● EXERCISE DETAILS
Find the line holding "if 0 <= nx and" in the entries below. Give it again exactly, along with every line after it up to and including the line holding "answer = max(answer, d[i][j])".

● INPUT RECORDS
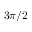Convert formula to latex. <formula><loc_0><loc_0><loc_500><loc_500>3 \pi / 2</formula> 
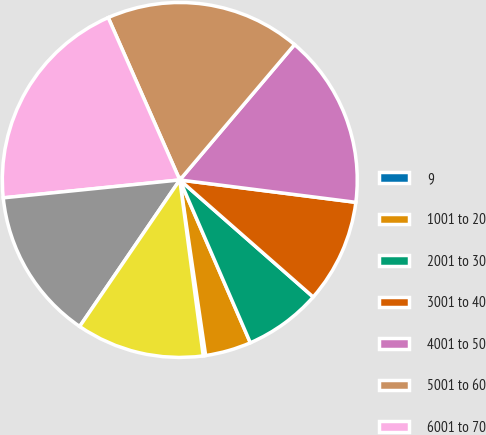<chart> <loc_0><loc_0><loc_500><loc_500><pie_chart><fcel>9<fcel>1001 to 20<fcel>2001 to 30<fcel>3001 to 40<fcel>4001 to 50<fcel>5001 to 60<fcel>6001 to 70<fcel>Options Outstanding<fcel>Options Exercisable<nl><fcel>0.22%<fcel>4.18%<fcel>7.03%<fcel>9.45%<fcel>15.82%<fcel>17.8%<fcel>20.0%<fcel>13.85%<fcel>11.65%<nl></chart> 
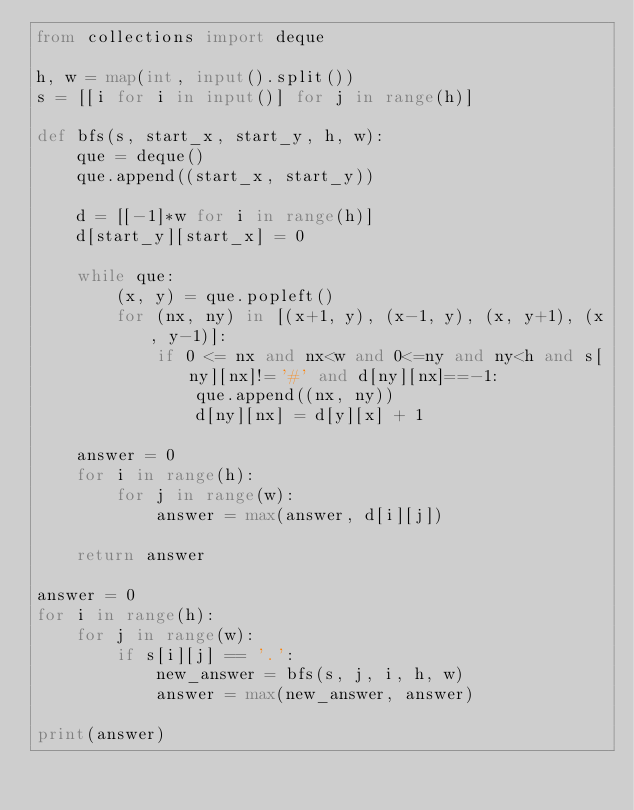<code> <loc_0><loc_0><loc_500><loc_500><_Python_>from collections import deque

h, w = map(int, input().split())
s = [[i for i in input()] for j in range(h)]

def bfs(s, start_x, start_y, h, w):
    que = deque()
    que.append((start_x, start_y))
    
    d = [[-1]*w for i in range(h)]
    d[start_y][start_x] = 0
    
    while que:
        (x, y) = que.popleft()
        for (nx, ny) in [(x+1, y), (x-1, y), (x, y+1), (x, y-1)]:
            if 0 <= nx and nx<w and 0<=ny and ny<h and s[ny][nx]!='#' and d[ny][nx]==-1:
                que.append((nx, ny))
                d[ny][nx] = d[y][x] + 1
                
    answer = 0    
    for i in range(h):
        for j in range(w):
            answer = max(answer, d[i][j])
                        
    return answer

answer = 0
for i in range(h):
    for j in range(w):
        if s[i][j] == '.':
            new_answer = bfs(s, j, i, h, w)
            answer = max(new_answer, answer) 
            
print(answer)</code>

● EXPECTED OUTPUT
            if 0 <= nx and nx<w and 0<=ny and ny<h and s[ny][nx]!='#' and d[ny][nx]==-1:
                que.append((nx, ny))
                d[ny][nx] = d[y][x] + 1
                
    answer = 0    
    for i in range(h):
        for j in range(w):
            answer = max(answer, d[i][j])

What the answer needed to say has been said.